My Friends,
This weekend marks the beginning of the season of Advent. The word “advent” is the Latin term for “coming” and the Season of Advent is the time that we spend deliberately preparing for the coming of Jesus on Christmas. It is the tradition here and in many Christian churches to spend the four weekends prior to Christmas preparing for our Christmas Eve and Christmas Day celebrations. (We do not typically have worship on Christmas Day, but this year Christmas is on a Sunday, so we will!)
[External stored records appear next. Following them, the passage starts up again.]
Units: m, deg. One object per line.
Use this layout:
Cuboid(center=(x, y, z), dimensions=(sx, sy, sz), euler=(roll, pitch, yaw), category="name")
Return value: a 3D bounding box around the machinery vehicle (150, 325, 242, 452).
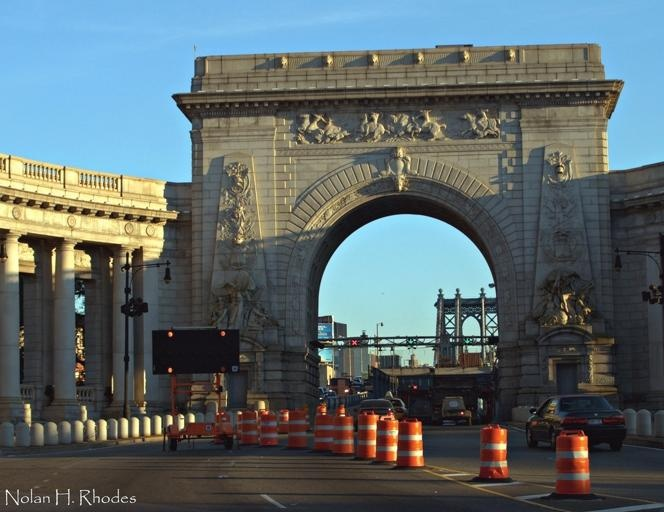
Cuboid(center=(-6.651, 6.356, 78.773), dimensions=(4.627, 5.321, 3.190), euler=(-2, 3, -16), category="machinery vehicle")
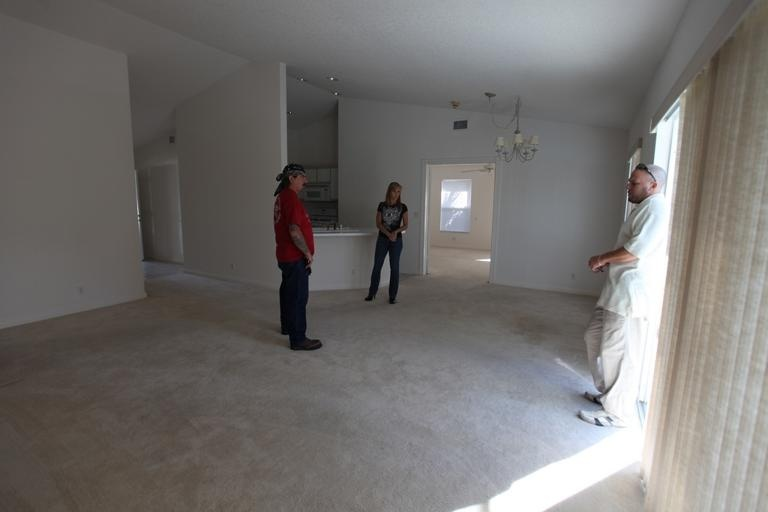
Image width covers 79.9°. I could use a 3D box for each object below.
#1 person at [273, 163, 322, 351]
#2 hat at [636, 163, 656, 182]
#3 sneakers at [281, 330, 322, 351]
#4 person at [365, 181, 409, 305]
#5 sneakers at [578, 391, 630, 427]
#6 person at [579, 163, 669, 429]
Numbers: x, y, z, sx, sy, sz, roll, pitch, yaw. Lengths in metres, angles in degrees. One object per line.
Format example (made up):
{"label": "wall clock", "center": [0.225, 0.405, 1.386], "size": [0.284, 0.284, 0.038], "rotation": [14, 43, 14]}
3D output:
{"label": "person", "center": [-0.824, 0.027, 4.438], "size": [0.464, 1.795, 0.324], "rotation": [1, 9, -2]}
{"label": "hat", "center": [1.910, -0.610, 3.349], "size": [0.138, 0.122, 0.095], "rotation": [4, 9, 16]}
{"label": "sneakers", "center": [-0.779, 0.843, 4.561], "size": [0.289, 0.191, 0.128], "rotation": [-6, 8, -17]}
{"label": "person", "center": [0.032, -0.195, 6.222], "size": [0.539, 1.592, 0.556], "rotation": [1, 9, -2]}
{"label": "sneakers", "center": [1.682, 1.203, 3.584], "size": [0.149, 0.248, 0.371], "rotation": [5, -4, -44]}
{"label": "person", "center": [1.814, 0.300, 3.471], "size": [0.501, 1.976, 0.467], "rotation": [7, 11, 29]}
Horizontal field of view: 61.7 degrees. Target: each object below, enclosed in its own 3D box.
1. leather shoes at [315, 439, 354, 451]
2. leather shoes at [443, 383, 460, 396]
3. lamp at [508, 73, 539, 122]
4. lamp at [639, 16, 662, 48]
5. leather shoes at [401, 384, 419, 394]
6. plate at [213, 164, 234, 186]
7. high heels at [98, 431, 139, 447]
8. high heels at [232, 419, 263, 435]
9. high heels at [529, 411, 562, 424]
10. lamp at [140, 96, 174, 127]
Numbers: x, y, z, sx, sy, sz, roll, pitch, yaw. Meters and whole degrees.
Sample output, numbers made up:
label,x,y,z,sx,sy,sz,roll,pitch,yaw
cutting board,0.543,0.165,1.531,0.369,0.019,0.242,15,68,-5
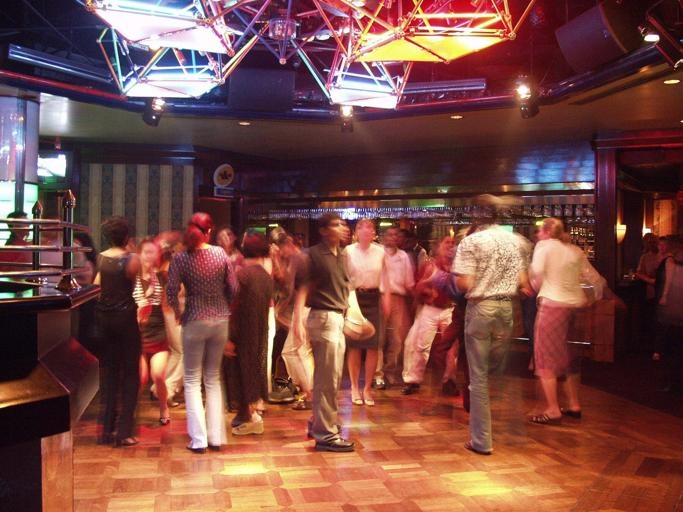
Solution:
label,x,y,z,sx,sy,sz,roll,pitch,yaw
leather shoes,-0.057,1.574,4.831,0.318,0.145,0.119,0,-3,2
leather shoes,1.200,1.483,6.318,0.236,0.177,0.129,2,-8,-5
lamp,2.096,-1.924,6.708,0.227,0.382,0.208,-2,-10,9
lamp,2.723,-1.987,5.040,0.158,0.214,0.223,2,5,20
leather shoes,0.768,1.495,6.391,0.074,0.096,0.231,-10,-15,43
plate,-2.146,-1.482,10.484,0.374,0.384,0.139,16,13,13
high heels,-1.869,1.547,4.878,0.374,0.153,0.128,0,-6,-3
high heels,-0.841,1.557,5.189,0.273,0.117,0.109,2,-3,-5
high heels,1.959,1.553,5.495,0.224,0.062,0.116,2,-3,4
lamp,-2.404,-1.908,7.468,0.230,0.372,0.225,20,-39,8
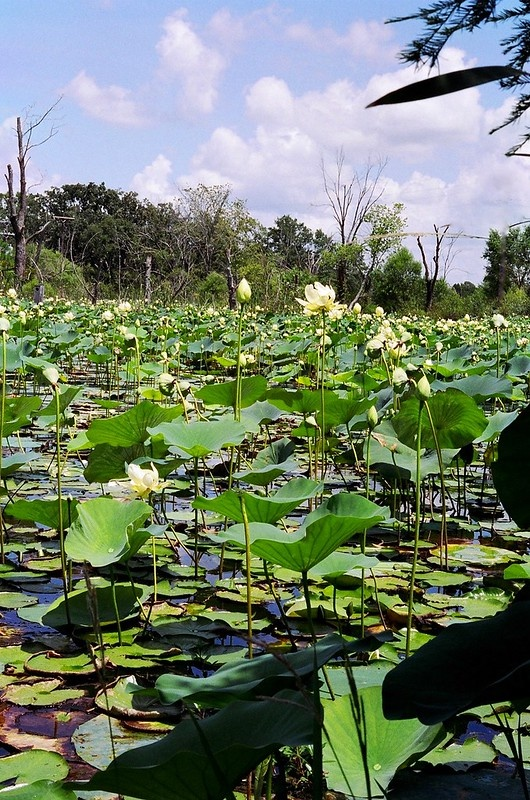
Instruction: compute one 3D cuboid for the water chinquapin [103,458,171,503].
[{"bbox_3d":[-0.532,0.331,2.756,0.310,0.183,0.362,-5,-4,-29],"label":"water chinquapin"}]
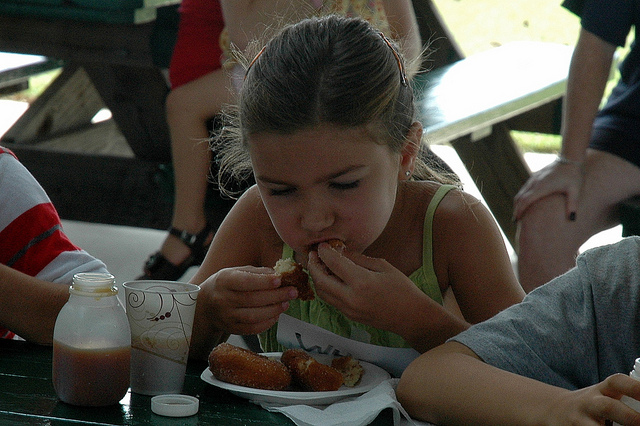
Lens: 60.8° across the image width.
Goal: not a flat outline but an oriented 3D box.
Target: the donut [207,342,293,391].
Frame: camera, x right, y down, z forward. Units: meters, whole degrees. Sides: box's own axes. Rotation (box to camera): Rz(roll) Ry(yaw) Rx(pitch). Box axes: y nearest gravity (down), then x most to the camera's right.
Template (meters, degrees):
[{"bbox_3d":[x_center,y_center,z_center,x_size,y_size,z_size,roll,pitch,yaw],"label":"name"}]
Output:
[{"bbox_3d":[-0.202,0.430,1.516,0.252,0.090,0.228,9,-15,26],"label":"donut"}]

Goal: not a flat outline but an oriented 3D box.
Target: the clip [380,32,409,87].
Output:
[{"bbox_3d":[0.246,-0.507,1.820,0.109,0.165,0.137,8,20,9],"label":"clip"}]

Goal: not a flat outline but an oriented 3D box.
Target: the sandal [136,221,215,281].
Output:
[{"bbox_3d":[-0.999,0.263,3.744,0.506,0.214,0.172,-35,15,1],"label":"sandal"}]

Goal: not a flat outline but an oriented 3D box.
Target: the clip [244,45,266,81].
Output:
[{"bbox_3d":[-0.209,-0.491,1.787,0.022,0.090,0.078,47,38,8],"label":"clip"}]

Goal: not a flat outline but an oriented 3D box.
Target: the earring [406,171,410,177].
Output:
[{"bbox_3d":[0.300,-0.134,1.866,0.010,0.014,0.004,2,2,-39],"label":"earring"}]

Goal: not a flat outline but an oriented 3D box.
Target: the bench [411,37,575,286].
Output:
[{"bbox_3d":[0.954,-0.280,2.913,0.688,1.733,0.852,1,8,15],"label":"bench"}]

For this season, we will be looking at four “Songs” in Luke’s story about Christmas. Perhaps they are not songs proper, but they are poetic in nature, something you can see visually when you read your Bible and the words are arranged in poetic meter, rather than in prose paragraphs.
The songs that we will read together are Mary’s “Magnificat,” Zechariah’s “Benedictus,” Simeon’s “Nunc Dimittis,” and the angels’ “Gloria.” Generally, I don’t like using Latinate terms because I associate the prevalence of Latin with that part of the church’s past when the radicality of following Jesus was compromised as the church became the official religion of the Roman Empire. (That process, the association of the church’s missionary movements with colonization, and the use of Christianity to support racism in the US are what I consider the three greatest sins of our church history.) But, alas, Latinisms are so tightly bound to the history and language of the church that they cannot always be avoided. So, I use the term “Advent” and these titles for the songs with ambivalence. I appreciate the faithfulness that our tradition has handed down over the last two millennia, and I grieve the brokenness and sinfulness that has always been a part of our tradition.
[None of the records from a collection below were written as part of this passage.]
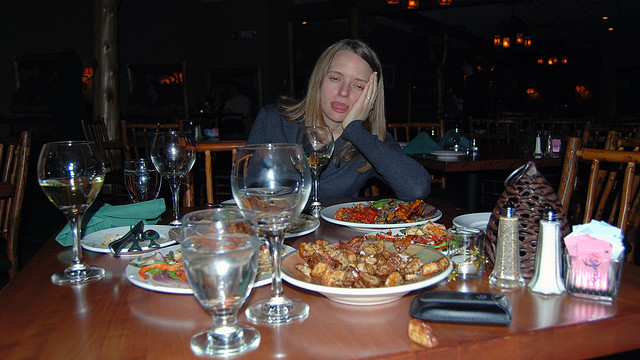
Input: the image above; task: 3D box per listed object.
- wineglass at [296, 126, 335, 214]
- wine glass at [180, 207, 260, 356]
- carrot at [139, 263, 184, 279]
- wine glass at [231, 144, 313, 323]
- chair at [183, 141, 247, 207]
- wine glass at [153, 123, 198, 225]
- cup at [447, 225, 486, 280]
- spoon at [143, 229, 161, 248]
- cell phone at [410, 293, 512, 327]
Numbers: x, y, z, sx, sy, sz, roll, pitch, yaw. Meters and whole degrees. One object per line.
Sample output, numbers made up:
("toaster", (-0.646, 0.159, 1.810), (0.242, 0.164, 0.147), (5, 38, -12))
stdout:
("wineglass", (-0.025, -0.052, 1.888), (0.180, 0.381, 0.177), (3, 5, 38))
("wine glass", (-0.240, 0.234, 1.006), (0.169, 0.335, 0.151), (-5, 10, -21))
("carrot", (-0.464, 0.249, 1.209), (0.098, 0.015, 0.054), (-5, 17, -22))
("wine glass", (-0.129, 0.136, 1.141), (0.228, 0.432, 0.200), (-2, 0, 8))
("chair", (-0.536, -0.045, 2.261), (0.391, 0.487, 0.520), (1, 6, -9))
("wine glass", (-0.559, -0.013, 1.625), (0.148, 0.340, 0.211), (0, 9, 7))
("cup", (0.418, 0.221, 1.269), (0.143, 0.134, 0.117), (-1, 1, -2))
("spoon", (-0.559, 0.194, 1.392), (0.051, 0.028, 0.076), (-1, 22, -13))
("cell phone", (0.356, 0.318, 1.048), (0.196, 0.046, 0.100), (-1, 9, 6))

Mary’s “Magnificat” is so called because when her song – which begins with the words, “My soul magnifies the Lord” – was translated into Latin, “Magnificat” is how the word “magnifies” was translated. Likewise, Zechariah’s “Benedictus” is the Latin translation of his opening word that is translated in English Bibles as “Blessed.” (It’s a different word from the first word of the Beatitudes.) And then there’s Simeon’s song, historically called “Nunc Dimittis” because that’s the Latin for the first words, “Now dismiss.” And finally, the angels sing, “Glory to God in the highest,” the first word of which in Latin is “Gloria.” So, there’s Latin all over this Advent season for us. My two whole weeks of studying Latin in graduate school better pay off!
We are calling this time of preparation, “Songs of Justice; Songs of Hope.” And here I will share a story that I’ve shared before, but it is golden: Soren Kierkegaard once went to a Christmas worship service and noticed that the wealthiest people were there, dressed in finery and seated in their paid seats in the ornate sanctuary. Then, someone began singing Mary’s Magnificat. You can find it in Luke 1:46-56. It speaks of God bringing down the high places, lifting up the low, filling the hungry and sending the rich away empty. Kierkegaard began laughing and expected everyone else to join in. But, as he looked around, nobody was laughing with him and he was perplexed. Surely they must have been hearing Mary’s words as a joke, because if they were serious words the people gathered on that day were hearing of their own demise. No one laughed, but it appeared that no one took Mary’s words seriously either. Is that really what we expect with the coming of the Christ?
Kierkegaard was on to something. Mary’s song is about justice. It is more akin to a protest song from Woody Guthrie, or a spiritual that decries slavery than a beautiful aria that displays vocal prowess. It stirs the imagination, loosens our grip on the status quo of inequality, and equips us to see all persons living without excess or deprivation. So, too, are all the songs in Luke’s story. They are songs of justice and songs of hope.
May God give us ears to hear, mouths to join the song, and hearts that are ready for the great transformation that Jesus’ birth brings.